中間とりまとめ「今後の地球温暖化対策について」に対するパブリックコメント
経済産業省は、産業構造審議会環境部会地球環境小委員会の発表した中間とりまとめ「今後の地球温暖化対策について」に対するパブリックコメントを募集した。当協会として、内容検討の結果、意見書提出を決定、9月7日に窓口の経済産業省産業技術環境局環境政策課 地球環境小委員会事務局宛下記意見書を提出した。
地球環境小委員会中間とりまとめに対する意見
(項目1) 27P @−3産業部門(非エネルギー起源CO2、CH4、N2O)
74P 3)追加対策の検討
<意見>  石灰の用途として、公害防止、排ガスの酸性物質除去及び排水の処理等があり、発電所、ゴミ焼却場、上下水道、化学工場など環境改善に大きな役割を担っている。
プロセスからのCO2発生を伴うが、このような重要な役割を持つ素材であり、この点削減の対象とは言えども、特別な考慮があってしかるべきである。
<理由>  生石灰・軽焼ドロマイトは、鉄鋼をはじめとして、化学、建設、農業、環境用に無くてはならない基礎素材であり、原料である石灰石・ドロマイト(CaCO3・CaMg(CO3)2)を焼成することによりCaO・CaOMgOとCO2に分解してできる。従って活動量に比例してCO2が排出される。プロセスからのCO2削減する技術的改善の余地は無く、この削減は経済活動量の減少、即ち減産することに他ならず、ユーザーへの社会的供給責任を果たせなくなるとともに業界存続の危機を招来することにつながる。
環境と経済両立の原則からも、CO2削減の対象から除外されるべきである。
(項目2) 50P 5) Aエネルギー供給面においてはCO2の排出がより少ないエネルギーの比率を高める政策や、効率のよいエネルギーシステム(注)の構築などを推進して行く。
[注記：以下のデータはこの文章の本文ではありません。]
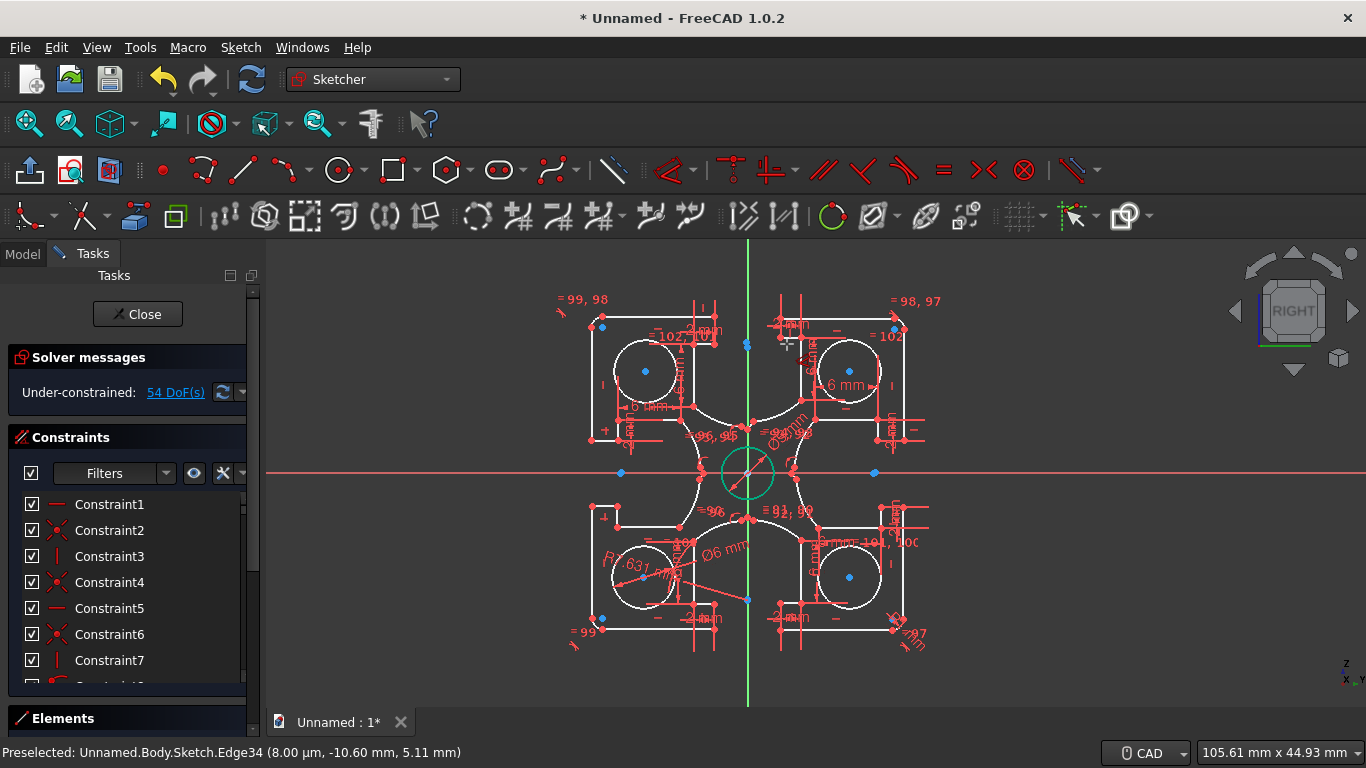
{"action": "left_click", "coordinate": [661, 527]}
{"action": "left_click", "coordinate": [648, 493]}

<意見>  石灰焼成炉はその用途に応じた炉形式があり、品質を考慮したエネルギー原単位は、世界最高水準レベルにある。更なるCO2排出削減対策として廃プラスチック、廃棄物、木質バイオマスの有効利用、燃料化も進めているが、エネルギーとして利用する場合の規制が多い。規制緩和、或は利用促進の法的措置が講じられるべきである。
<理由>  石灰焼成炉は、省エネルギーを目指して、各種燃料使用を可能にする技術開発を進めてきており、代替エネルギーへの技術的対応も進んでいる。こうした状況の中で、産業廃棄物関係法規により、円滑な利用ができず、効果的エネルギー転換が妨げられている。ケースによっては循環型社会形成を行うため無駄なエネルギーが使用されている。このような障害は除かれるべきであり、特にサーマルリサイクルを可能にすべきである。利用する場合最も重要なことは有害物質が系外に排出されないことで既に規制がある。抜本的な見直しを期待する。
(項目3)66P〜(3)経済的手法について
<意見>  既存のエネルギー諸税に新たな環境税を「慎重」と言えども検討することは避けるべきであり、検討の対象外とすべきである。
<理由>  環境税の導入は、既存のエネルギー諸税もあり、二重課税、多重課税である。又、現在100%国産で供給可能な石灰製品に対して国際競争力を弱め、業界衰退をもたらす。わが国の生産技術はその品質を考慮すると世界最高水準にあり、他国からの輸入品の増大はむしろCO2排出量の増加につながる。